Alistair Darling, the UK’s finance minister, has justified such changes by saying these were “necessary to build our recovery and secure our country’s economic future”.

Critics of higher tax rates on the rich, such as the Institute for Fiscal Studies or the Adam Smith Institute, argue that raising tax rates beyond a certain point tends to reduce, rather than increase revenues in the long run because they blunt incentives and encourage wealthy people to move abroad.

Breaking the link between income tax and pensions tax relief is “setting a dangerous precedent”, said Tom McPhail, head of pensions research at independent financial advisor Hargreaves Lansdown.

“The government seems to assume that anyone who earns over £150,000 can be lumped into the same boat as Sir Fred Goodwin but that doesn’t make it alright to deliberately undermine their pension provision,” he said, referring to the former chief executive of Royal Bank of Scotland, who retired with a controversially big pension pot.

To determine whether your income exceeds £150,000, Mr McPhail said HM Revenue & Customs would consider the total income for the tax year before any personal deductions such as tax allowances, but less any deductions for relief, such as trading losses, pension contributions up to £20,000, and gift aid deductions.

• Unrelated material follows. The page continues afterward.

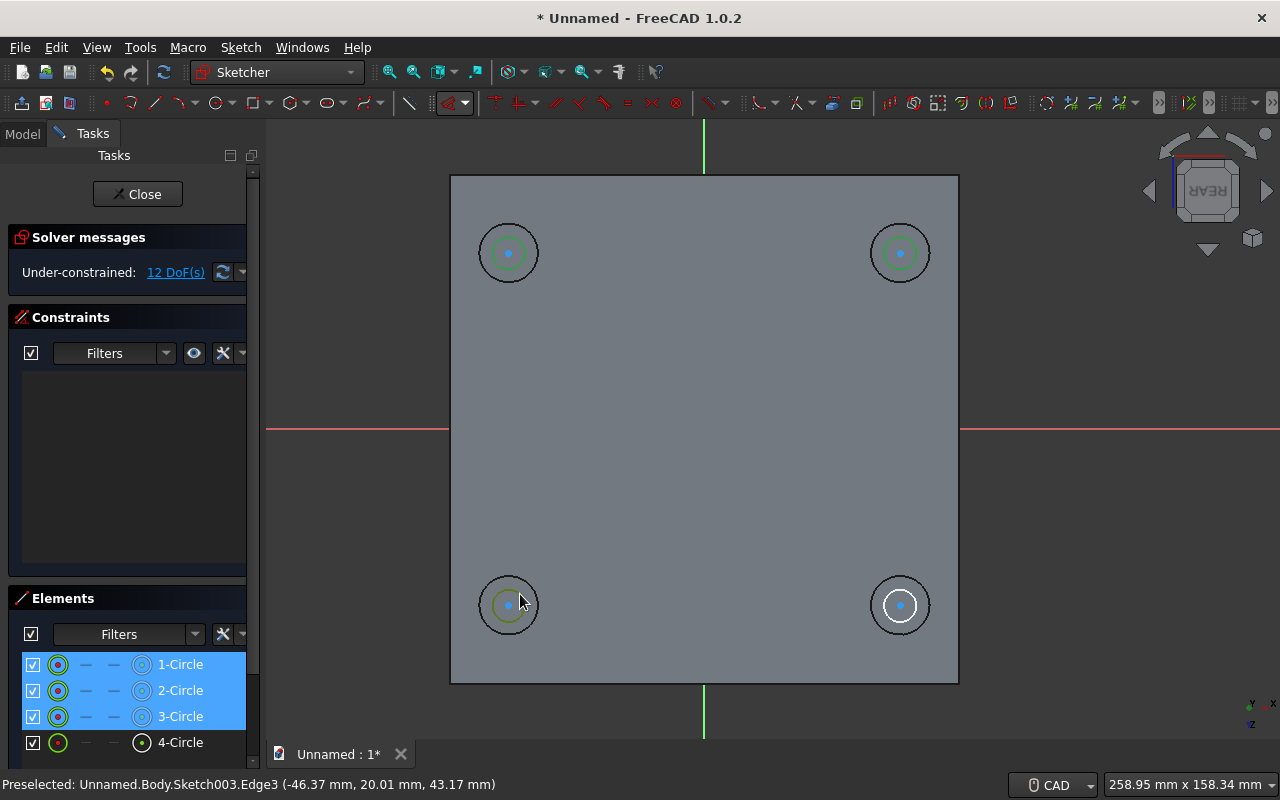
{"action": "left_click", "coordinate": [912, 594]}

He added: “But in calculating total ‘relevant’ income, any amount of employment income foregone by salary sacrifice in return for pension contributions or additional pension benefits if the agreement took place on or after April 22, 2009, must be added back. In deciding if the special annual allowance charge applies for a tax year, the relevant income for that tax year and for the two previous years is taken into account.”

“For example, if the individual’s relevant income was less than £150,000 in 2009/10, they could still be subject to the special annual allowance charge for that year if their relevant income was £150,000 or more in 2007/08 and/or 2008/09,” he continued.

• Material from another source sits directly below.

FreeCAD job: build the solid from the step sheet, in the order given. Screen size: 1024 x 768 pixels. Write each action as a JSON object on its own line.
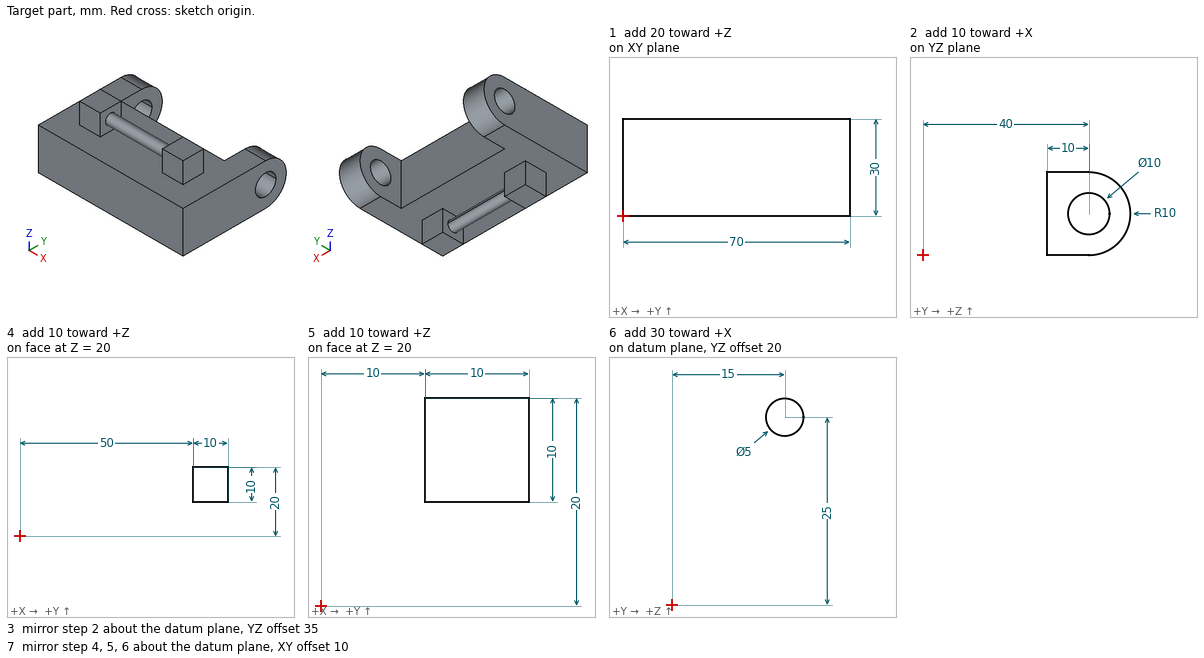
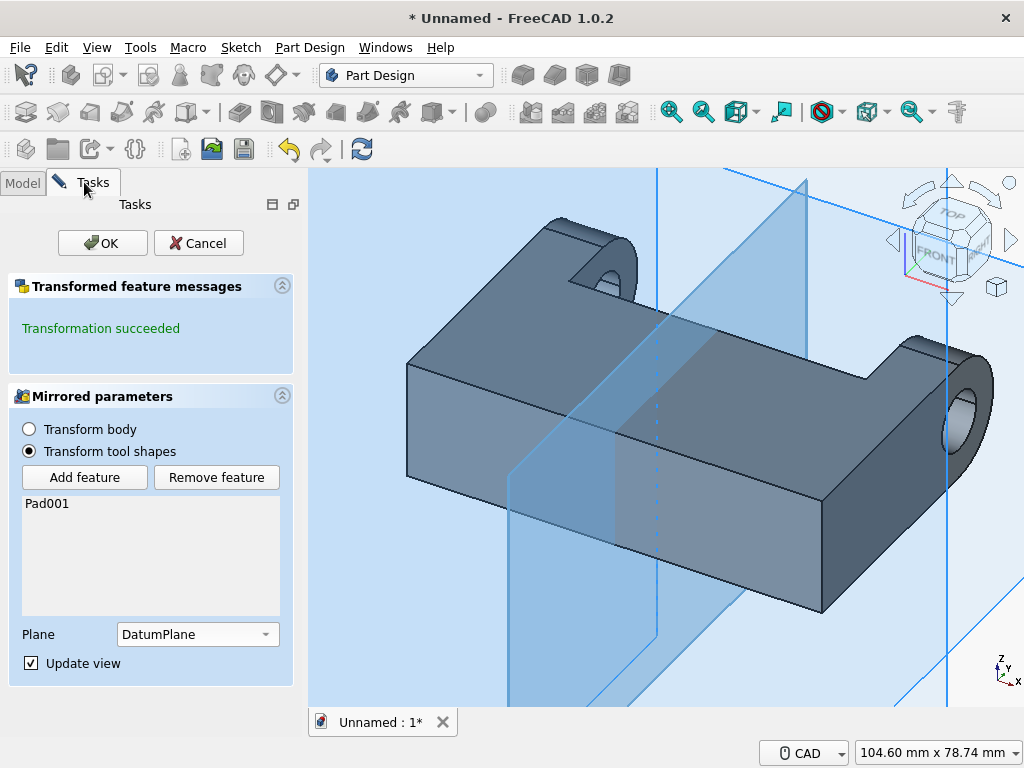
{"action": "left_click", "coordinate": [103, 243]}

“In 2010/11 similarly, if the relevant income is less than £150,000, the special annual allowance charge will still apply if the individual’s relevant income was £150,000 or more in 2008/09 and/or 2009/10,” Mr McPhail said.

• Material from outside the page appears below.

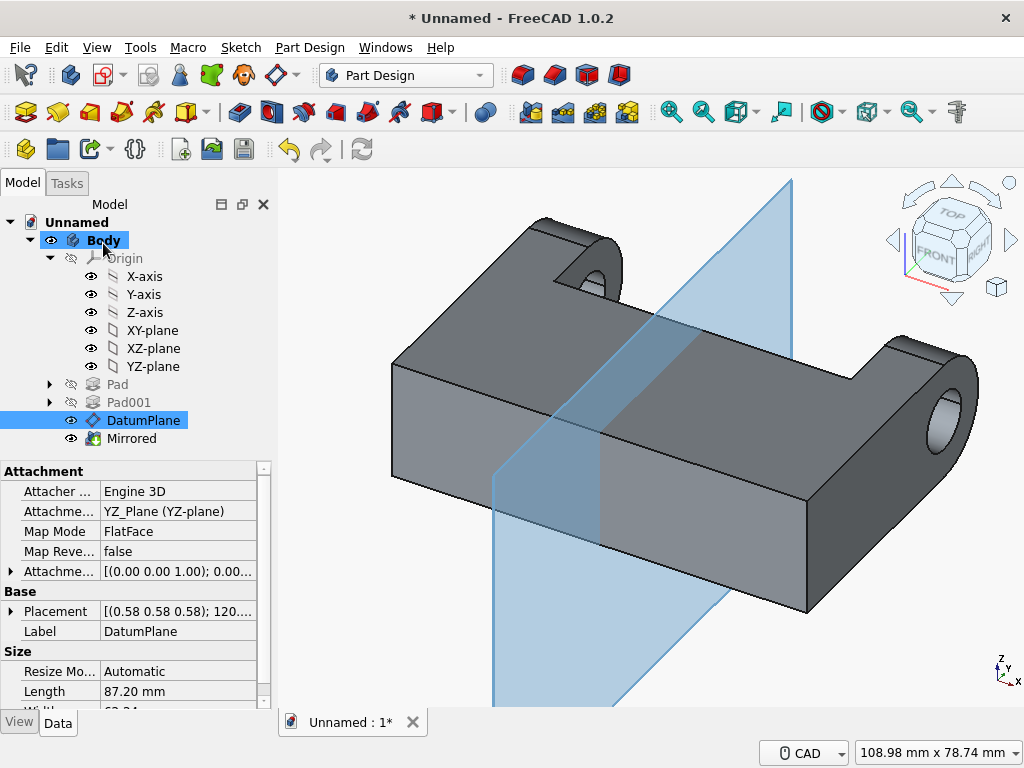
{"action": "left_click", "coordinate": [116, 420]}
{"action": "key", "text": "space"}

So, no salary sacrifice measures will wash, but what can you do before the measures come into force?

Mr McPhail said: “For the next two years it makes sense for high earners to maximise their pension contributions by investing as much they can, being the higher of £20,000 and their normal pattern of contributions. Thereafter individuals will have to take a view on whether the tax relief rate on offer to them, between 20 per cent and 40 per cent, will be sufficiently attractive to merit making pension contributions as opposed to other forms of saving and investing.

“There may be problems with the HMRC definition of ‘regular contributions’ in determining what is acceptable for the next two years. Many of the self employed as well as high earners are more likely to be making annual lump sum investments, rather than monthly or quarterly payments. This is an issue which we will be taking up with HMRC,” Mr McPhail said.

Patrick Stevens, tax partner for Ernst & Young, said these changes would have a “significant impact” on the pensions industry, and could boost the high-end housing market as a by-product of the changes when people look for other homes for their income.

He said: “Most people earning over £180,000 now will probably be paying tax at 40 per cent or 50 per cent in retirement on their various pensions and savings. This means that on average, the money coming out of the pension scheme will in the future be taxed at 30 per cent or 37.5 per cent.

"So many higher earners will be looking for alternative homes for their savings for retirement. Individual Savings Accounts (ISAs) will obviously be fully used, but they probably already are. There will perhaps be a significant boost to the market for homes costing over say £1 million as this becomes a better place to save money," he said.

Andy Bell, chief actuary of A J Bell, one of the UK's largest SIPP providers, said there is likely to be a wider impact on pension saving too, as business leaders could easily lose faith with the system, and that attitude could easily be passed on to employees.

In judging the impact of higher-rate tax changes, then, the issue of pensions cannot be over-stated.